▶ **Task directions**
Print exactly the lines from the one containing "Horizontal FOV: 99.7°." through the last line of the records below, both included, and nothing else; omit any pictures.

▶ **Records for the task**

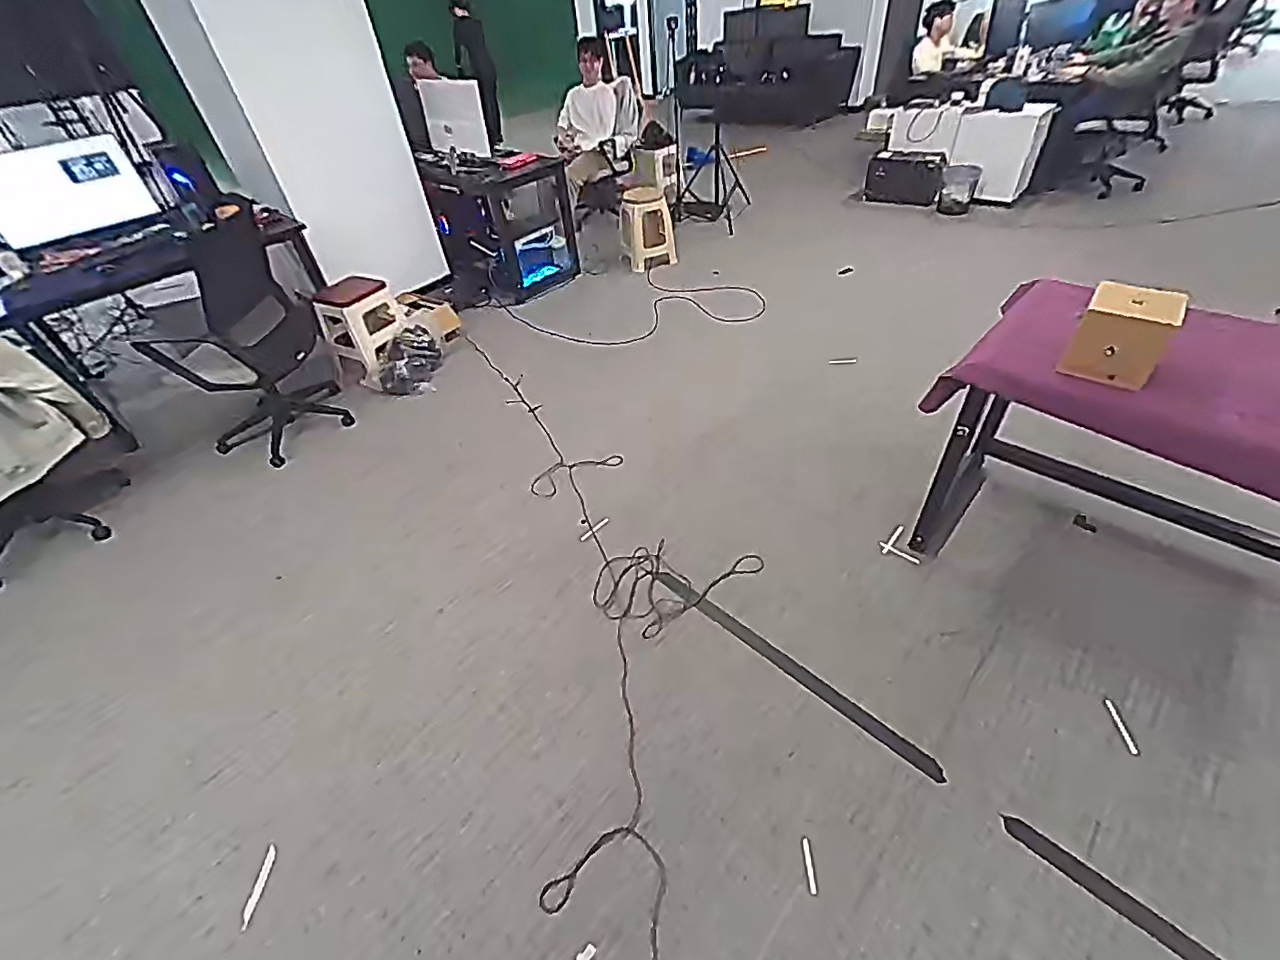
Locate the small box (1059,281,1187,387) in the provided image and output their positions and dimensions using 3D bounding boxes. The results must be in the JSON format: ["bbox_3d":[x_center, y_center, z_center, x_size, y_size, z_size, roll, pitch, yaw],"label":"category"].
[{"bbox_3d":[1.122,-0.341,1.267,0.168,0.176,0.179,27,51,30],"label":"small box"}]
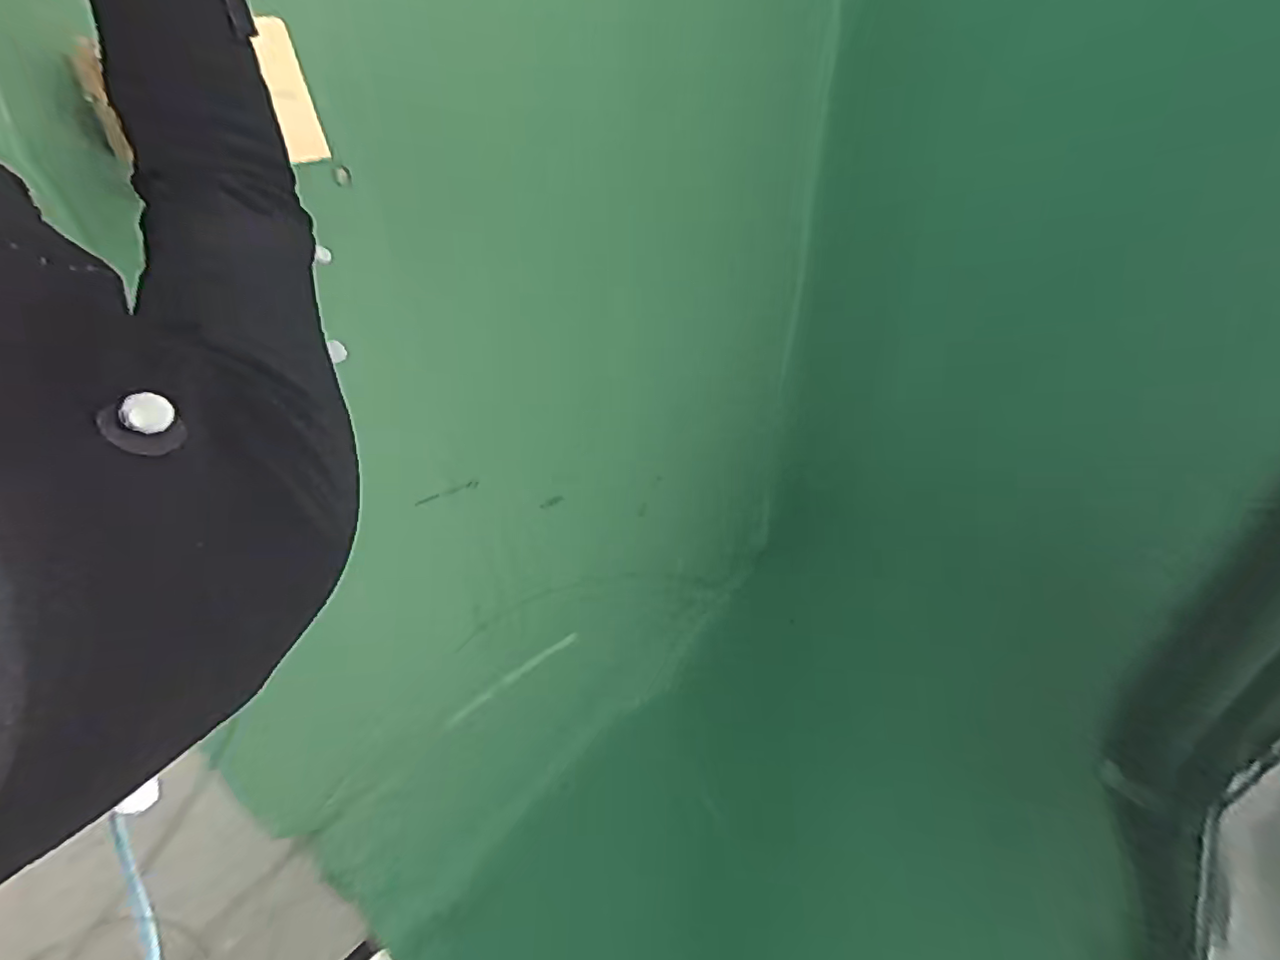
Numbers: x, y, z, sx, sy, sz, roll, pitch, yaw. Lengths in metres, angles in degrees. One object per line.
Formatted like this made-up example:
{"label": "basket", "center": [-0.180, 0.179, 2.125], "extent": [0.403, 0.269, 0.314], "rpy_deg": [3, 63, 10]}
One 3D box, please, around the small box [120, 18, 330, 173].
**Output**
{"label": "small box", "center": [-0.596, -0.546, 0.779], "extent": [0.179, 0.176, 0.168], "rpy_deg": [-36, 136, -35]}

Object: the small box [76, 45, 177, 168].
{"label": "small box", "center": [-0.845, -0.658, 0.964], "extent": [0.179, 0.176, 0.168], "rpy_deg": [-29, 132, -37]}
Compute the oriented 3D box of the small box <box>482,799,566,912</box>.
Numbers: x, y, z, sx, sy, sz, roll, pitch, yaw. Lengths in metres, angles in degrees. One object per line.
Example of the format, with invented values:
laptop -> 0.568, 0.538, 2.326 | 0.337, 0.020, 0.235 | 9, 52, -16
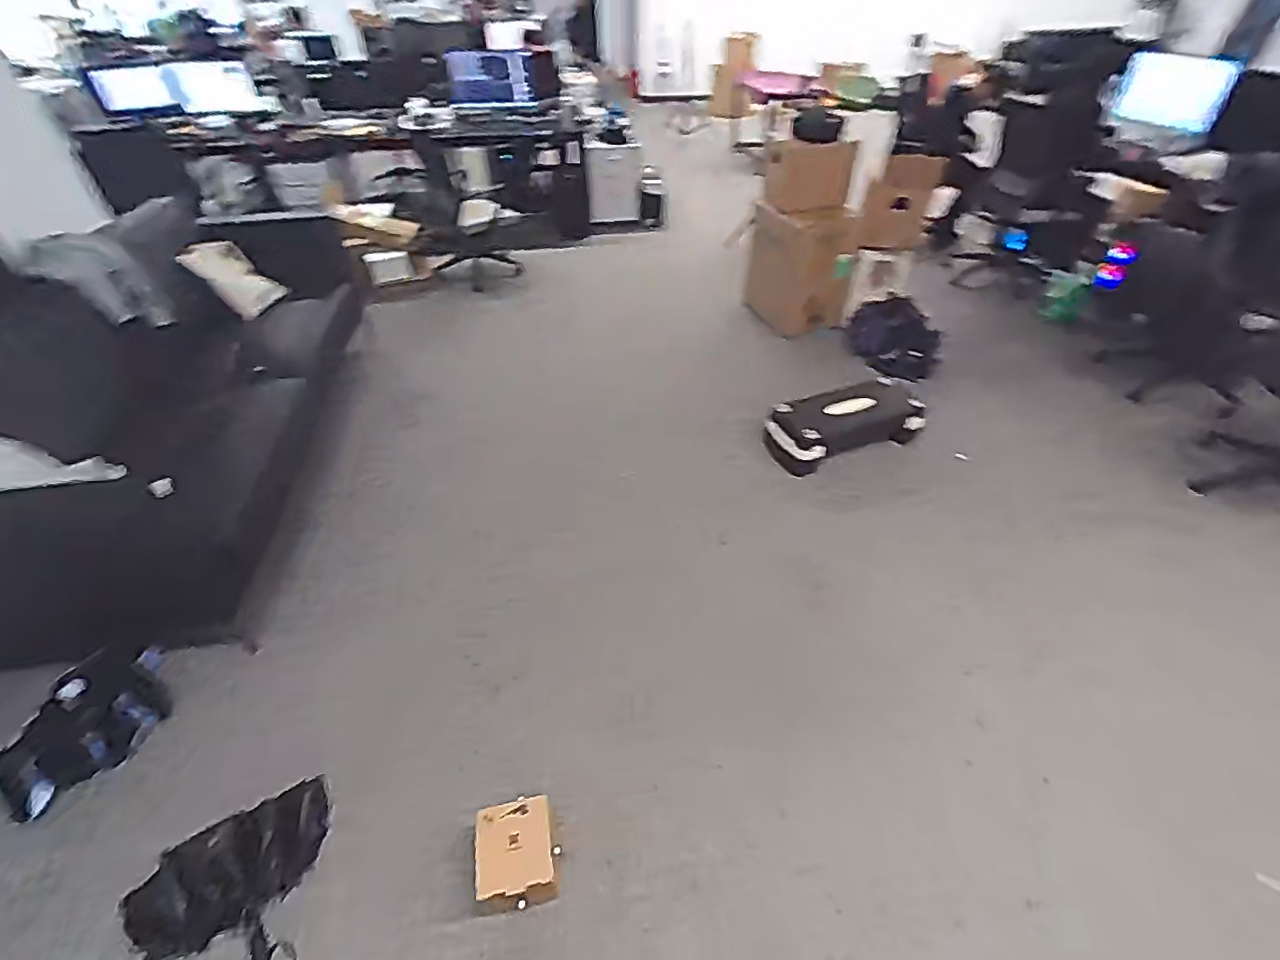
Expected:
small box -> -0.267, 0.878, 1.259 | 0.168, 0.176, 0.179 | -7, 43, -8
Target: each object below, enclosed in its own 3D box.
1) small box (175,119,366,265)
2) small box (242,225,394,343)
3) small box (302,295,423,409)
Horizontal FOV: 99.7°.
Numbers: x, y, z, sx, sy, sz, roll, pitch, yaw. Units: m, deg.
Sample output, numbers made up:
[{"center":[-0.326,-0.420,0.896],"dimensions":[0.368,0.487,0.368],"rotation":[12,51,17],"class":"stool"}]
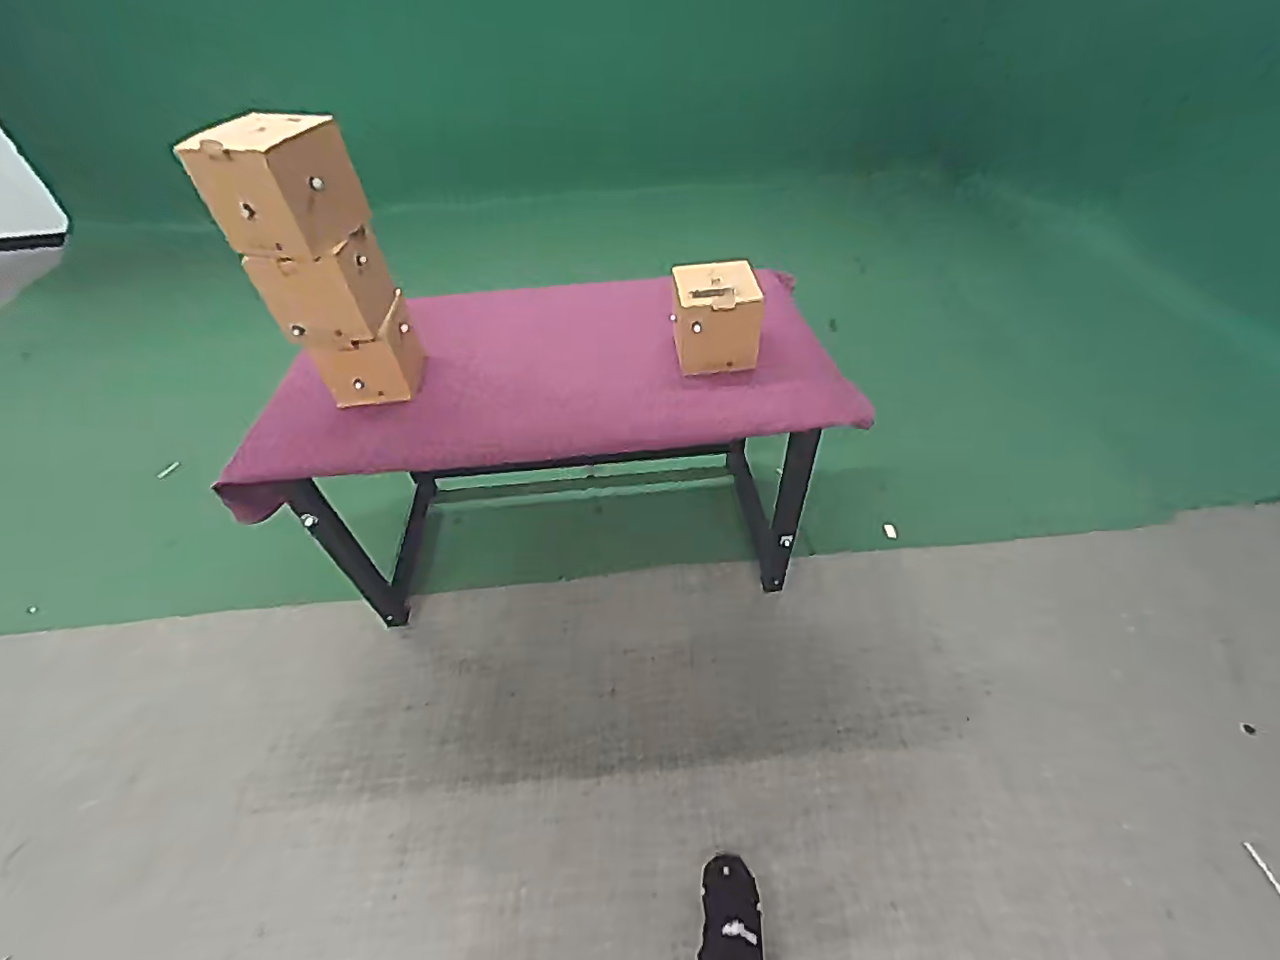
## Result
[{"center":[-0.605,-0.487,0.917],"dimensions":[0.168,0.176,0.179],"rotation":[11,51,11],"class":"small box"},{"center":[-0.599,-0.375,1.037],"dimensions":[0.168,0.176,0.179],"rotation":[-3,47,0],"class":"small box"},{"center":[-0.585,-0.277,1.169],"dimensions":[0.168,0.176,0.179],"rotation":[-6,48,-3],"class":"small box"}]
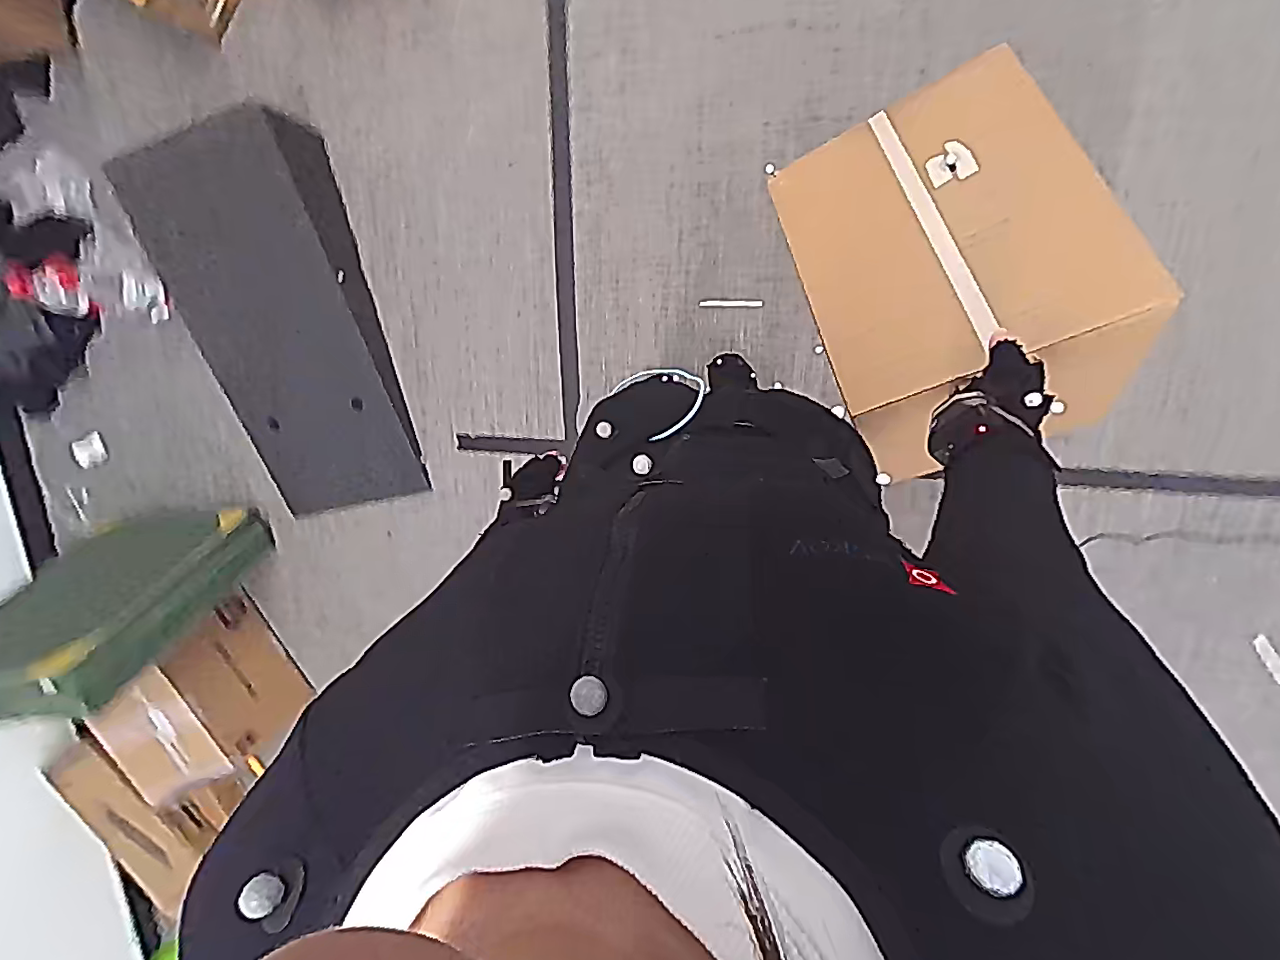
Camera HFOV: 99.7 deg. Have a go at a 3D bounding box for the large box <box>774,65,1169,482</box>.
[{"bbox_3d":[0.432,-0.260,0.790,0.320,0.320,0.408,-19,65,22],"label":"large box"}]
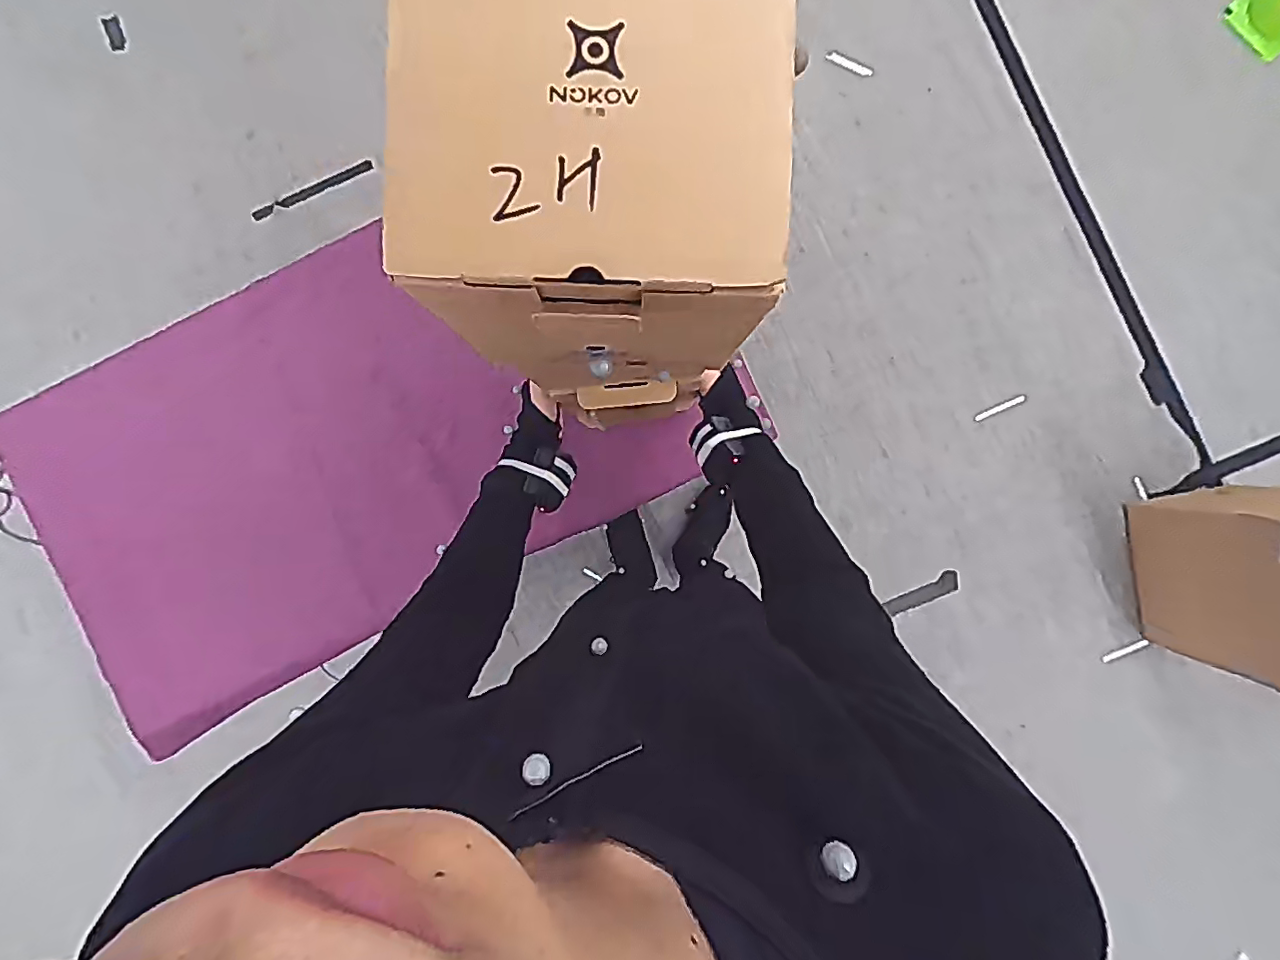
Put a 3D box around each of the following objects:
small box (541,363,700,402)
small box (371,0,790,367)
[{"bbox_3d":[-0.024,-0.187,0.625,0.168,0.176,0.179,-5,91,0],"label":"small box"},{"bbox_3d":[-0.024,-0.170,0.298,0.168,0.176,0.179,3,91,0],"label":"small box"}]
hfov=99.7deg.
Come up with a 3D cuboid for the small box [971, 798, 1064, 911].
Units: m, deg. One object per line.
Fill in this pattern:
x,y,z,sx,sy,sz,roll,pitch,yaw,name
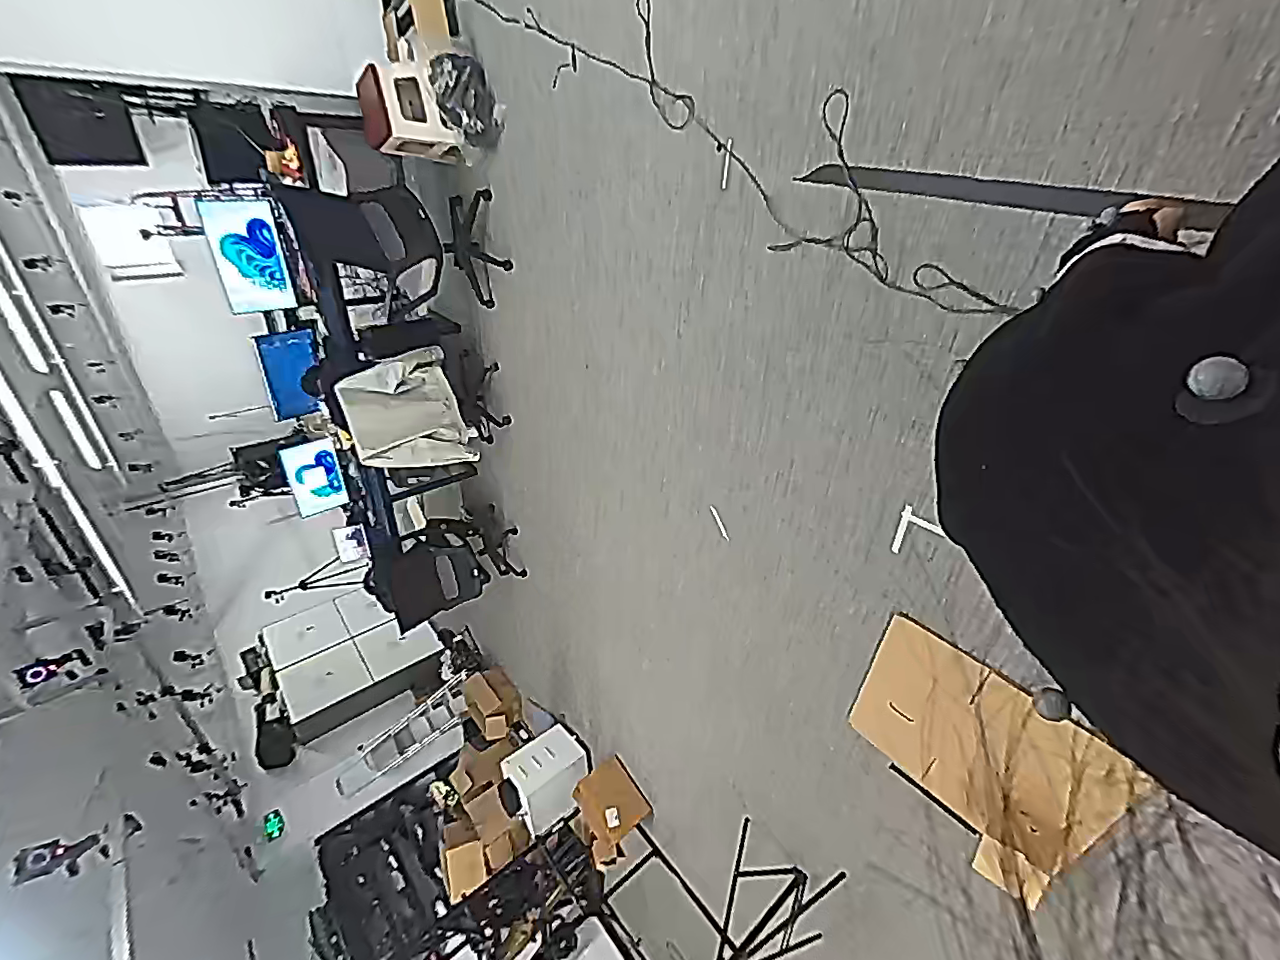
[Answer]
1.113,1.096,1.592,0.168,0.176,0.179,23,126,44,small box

▶ **Reply**
Horizontal FOV: 99.7°.
Numbers: x, y, z, sx, sy, sz, roll, pitch, yaw. Units: m, deg.
Sample output, numbers made up:
[{"center":[-0.326,-0.420,0.896],"dimensions":[0.368,0.487,0.368],"rotation":[12,51,17],"class":"stool"}]
## Result
[{"center":[-0.605,-0.487,0.917],"dimensions":[0.168,0.176,0.179],"rotation":[11,51,11],"class":"small box"},{"center":[-0.599,-0.375,1.037],"dimensions":[0.168,0.176,0.179],"rotation":[-3,47,0],"class":"small box"},{"center":[-0.585,-0.277,1.169],"dimensions":[0.168,0.176,0.179],"rotation":[-6,48,-3],"class":"small box"}]
Camera HFOV: 99.7 deg. Have a go at a 3D bounding box for the large box <box>774,65,1169,482</box>.
[{"bbox_3d":[0.432,-0.260,0.790,0.320,0.320,0.408,-19,65,22],"label":"large box"}]
Put a 3D box around each of the following objects:
small box (541,363,700,402)
small box (371,0,790,367)
[{"bbox_3d":[-0.024,-0.187,0.625,0.168,0.176,0.179,-5,91,0],"label":"small box"},{"bbox_3d":[-0.024,-0.170,0.298,0.168,0.176,0.179,3,91,0],"label":"small box"}]
hfov=99.7deg.
Come up with a 3D cuboid for the small box [971, 798, 1064, 911].
Units: m, deg. One object per line.
Fill in this pattern:
x,y,z,sx,sy,sz,roll,pitch,yaw,name
[Answer]
1.113,1.096,1.592,0.168,0.176,0.179,23,126,44,small box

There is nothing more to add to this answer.